That the Supreme Court agreed to hear Dobbs v. Jackson Women’s Health Organization at all came as a shock to Rikelman and her colleagues. But then the news got worse: the Court announced it would not only hear the case, it would consider the question of whether all laws that ban abortion pre-viability are unconstitutional. In other words, the Supreme Court, with its 6-3 conservative majority featuring Amy Coney Barrett in place of Ruth Bader Ginsburg, is prepared to review the precedent of Roe v. Wade itself.

“It’s been clear for 50 years that a ban like Mississippi’s is unconstitutional,” Rikelman says. “If the Supreme Court upholds this ban, it will have effectively overturned Roe v. Wade.”

The case comes at a delicate political moment. In the past year, state legislatures have passed a record-breaking 106 new laws restricting abortion and, in September, Texas implemented the nation’s single strictest abortion law since 1973, banning nearly all abortions after six weeks of pregnancy. The Texas law may also come before the Supreme Court this term. The stakes of this moment, Rikelman says, are “monumental.”

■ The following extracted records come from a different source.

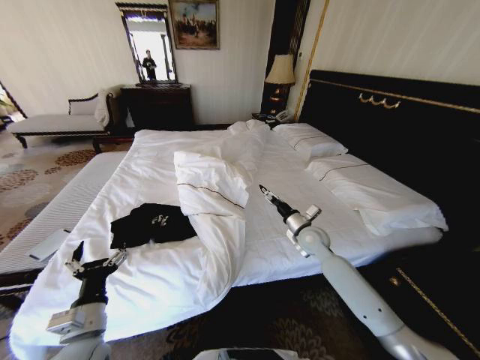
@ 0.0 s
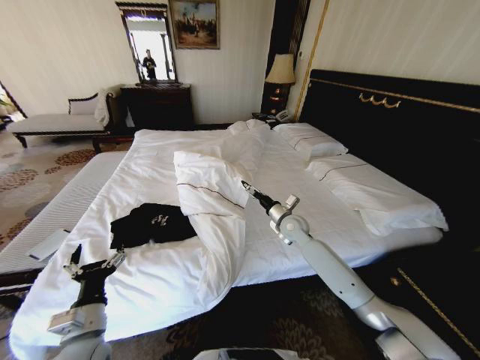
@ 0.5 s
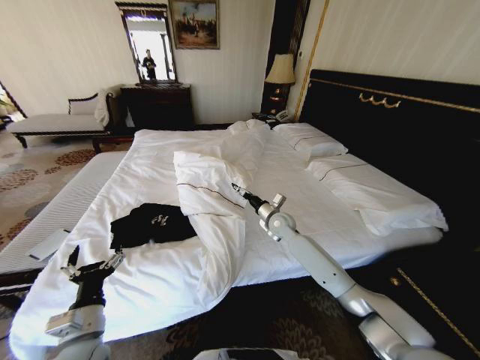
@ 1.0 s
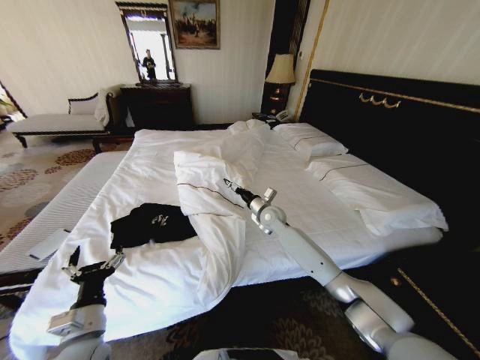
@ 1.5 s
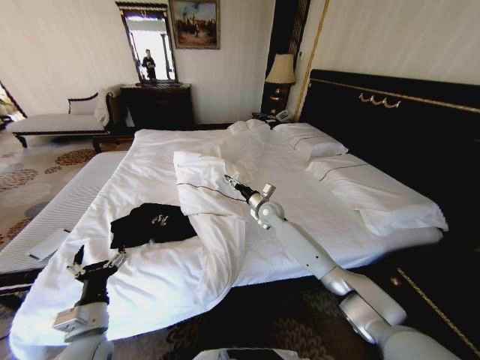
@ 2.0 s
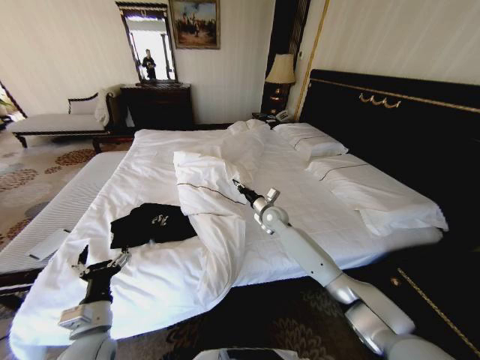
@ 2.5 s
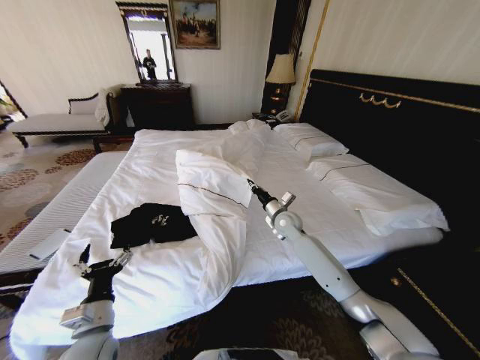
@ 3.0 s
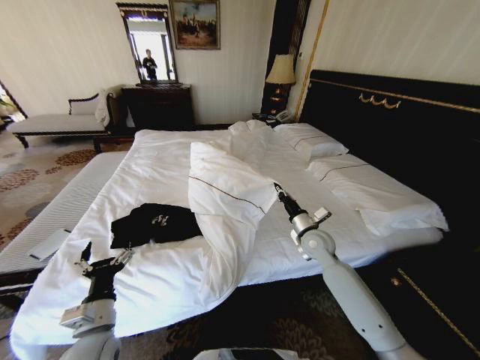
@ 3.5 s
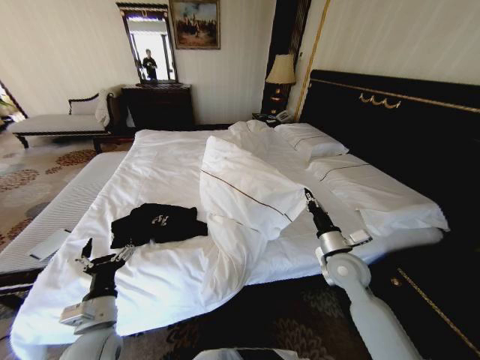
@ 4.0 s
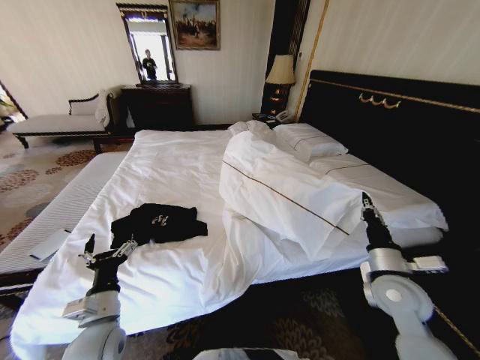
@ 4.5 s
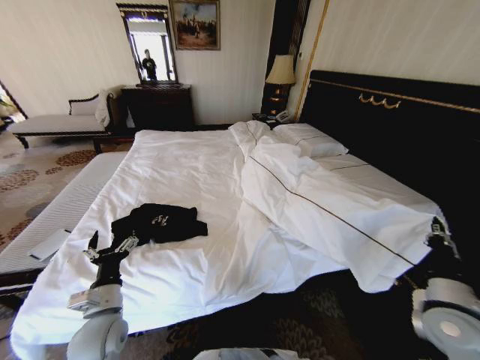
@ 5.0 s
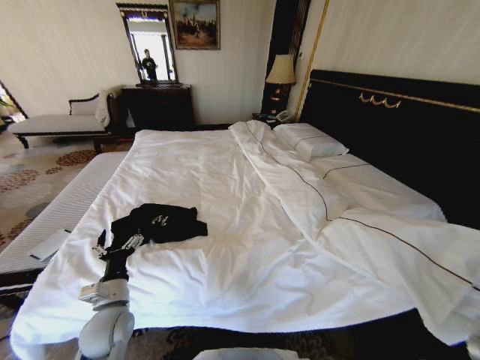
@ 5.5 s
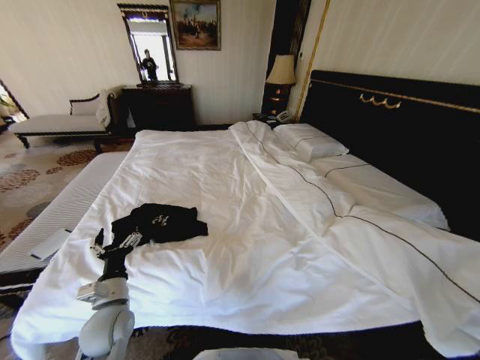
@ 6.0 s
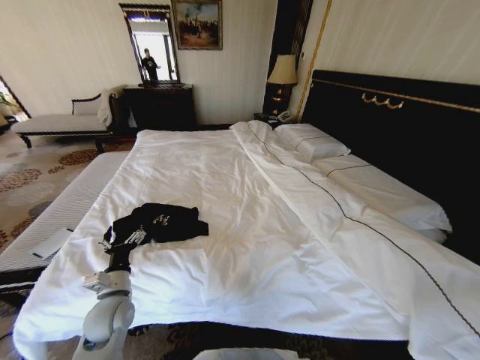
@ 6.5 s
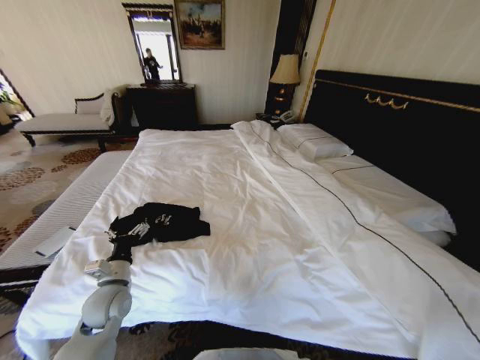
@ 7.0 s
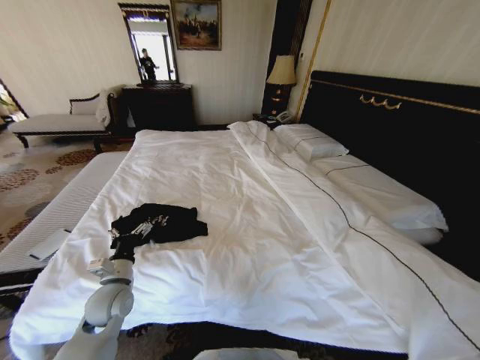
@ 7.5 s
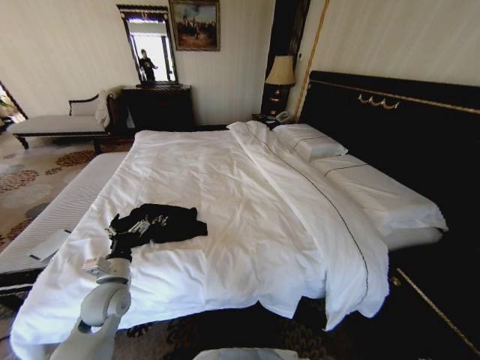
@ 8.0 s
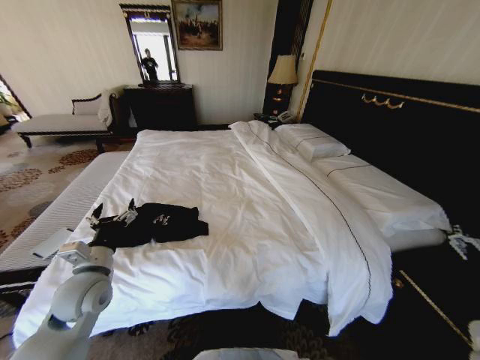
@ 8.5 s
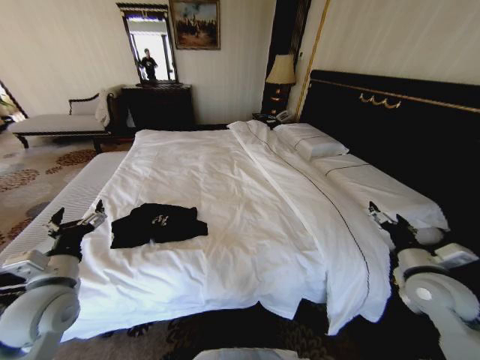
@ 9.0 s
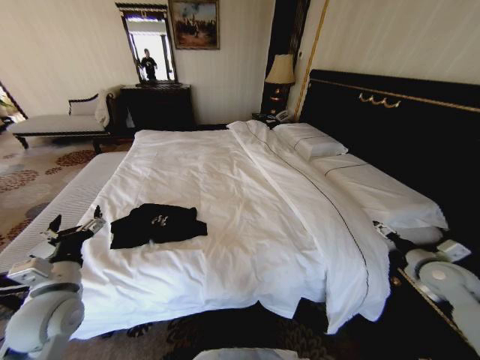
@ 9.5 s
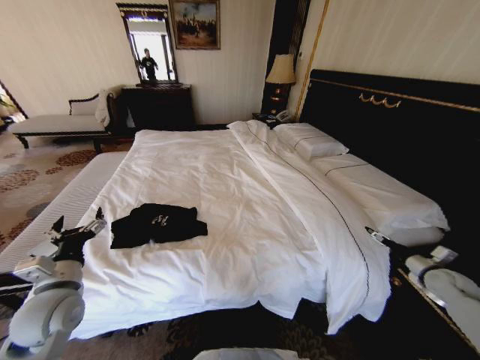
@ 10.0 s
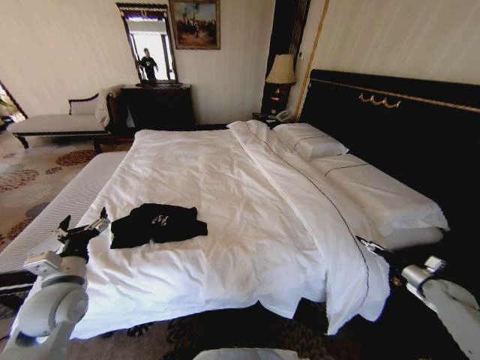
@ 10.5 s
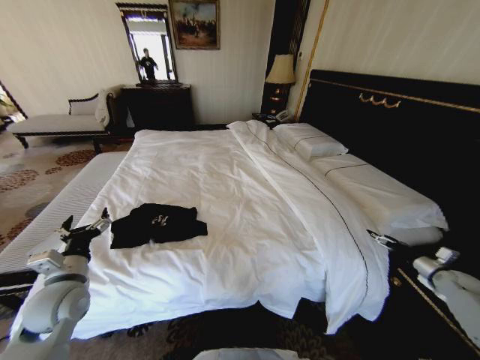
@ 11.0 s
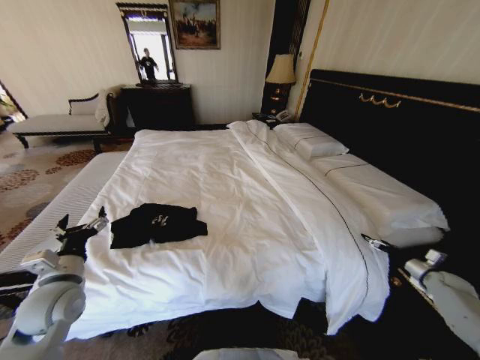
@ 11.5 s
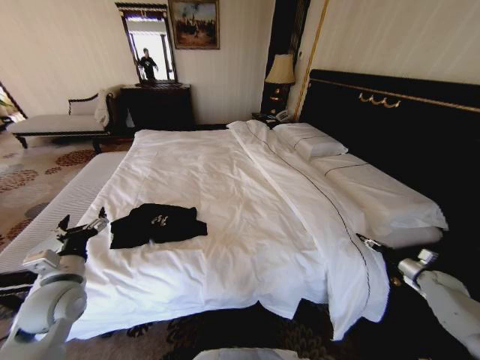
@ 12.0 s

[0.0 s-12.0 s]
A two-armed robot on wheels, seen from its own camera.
Task of the whole recording: Fold the clothes on the bed.
0.0 to 2.0 s: The right gripper travels forward and to the left by some 15 cm.
2.0 to 4.0 s: The right gripper travels backward and to the right by some 25 cm, and closes.
4.0 to 6.0 s: The right gripper goes roughly 30 cm backward and to the right. Meanwhile the left gripper ends up about 5 cm from where it was.
6.0 to 8.0 s: The right gripper is displaced backward by some 10 cm, and opens its fingers; the left gripper moves forward, roughly 5 cm.
8.0 to 10.0 s: The right gripper shifts about 35 cm forward and to the right, and opens up. The left gripper heads upward and to the left, covering approximately 10 cm.
10.0 to 12.0 s: The right gripper shifts roughly 10 cm downward and to the right, and closes its fingers.

Abortion rights activists protest outside the U.S. Supreme Court in Washington, D.C., March 4.

Abortion rights activists protest outside the U.S. Supreme Court in Washington, D.C., March 4. Saul Loeb—AFP/Getty Images

A grounding in human rights
Rikelman has been preparing for this fight for decades. Born in Kyiv, she immigrated to the U.S. with her parents in 1979 after they experienced severe discrimination in the former Soviet Union for being Jewish. Her mother was blocked from medical school because of her religion, and when her parents arrived here barely speaking English, they had to restart their careers from scratch. Rikelman herself learned English as a second language, and says seeing her family’s struggle shaped her interest in civil rights from an early age. “I definitely grew up thinking about how important it was for people to be able to make personal decisions about their lives for themselves,” she says, “and not have the government make those decisions for them.”

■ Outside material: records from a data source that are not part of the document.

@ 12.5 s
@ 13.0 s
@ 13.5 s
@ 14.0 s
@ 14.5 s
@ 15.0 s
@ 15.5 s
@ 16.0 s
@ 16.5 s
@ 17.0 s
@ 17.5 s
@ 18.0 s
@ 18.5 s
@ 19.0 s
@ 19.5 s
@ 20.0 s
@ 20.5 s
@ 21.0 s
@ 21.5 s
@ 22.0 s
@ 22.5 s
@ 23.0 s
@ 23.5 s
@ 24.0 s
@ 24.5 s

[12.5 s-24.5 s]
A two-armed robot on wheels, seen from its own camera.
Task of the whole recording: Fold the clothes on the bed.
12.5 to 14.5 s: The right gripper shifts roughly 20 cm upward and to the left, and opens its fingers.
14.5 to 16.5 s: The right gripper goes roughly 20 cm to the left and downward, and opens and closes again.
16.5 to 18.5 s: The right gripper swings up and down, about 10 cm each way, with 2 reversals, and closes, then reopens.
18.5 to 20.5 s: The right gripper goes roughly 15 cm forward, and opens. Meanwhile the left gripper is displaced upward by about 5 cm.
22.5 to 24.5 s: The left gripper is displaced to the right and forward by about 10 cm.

In school, Rikelman sometimes felt like an outsider. But in college, she found her niche. She remembers taking a class on s*x discrimination that introduced her to Supreme Court cases about reproductive rights. She’d found her calling. She still keeps that college textbook in her office. Some of the cases she reads now in her work at the Center for Reproductive Rights are the same ones she underlined as a 19-year-old. After falling in love with constitutional law, Rikelman clerked for a judge at the Third Circuit Court of Appeals and the first female judge on the Alaska Supreme Court, then accepted a fellowship at the Center for Reproductive Rights, the powerful non-profit that was founded in 1992 to represent the abortion clinic at the heart of Planned Parenthood v. Casey, the lesser-known Supreme Court case that upheld the right to abortion that year. After a stint as vice president of litigation at NBC Universal, Rikelman returned to the Center in 2011 and has been there ever since.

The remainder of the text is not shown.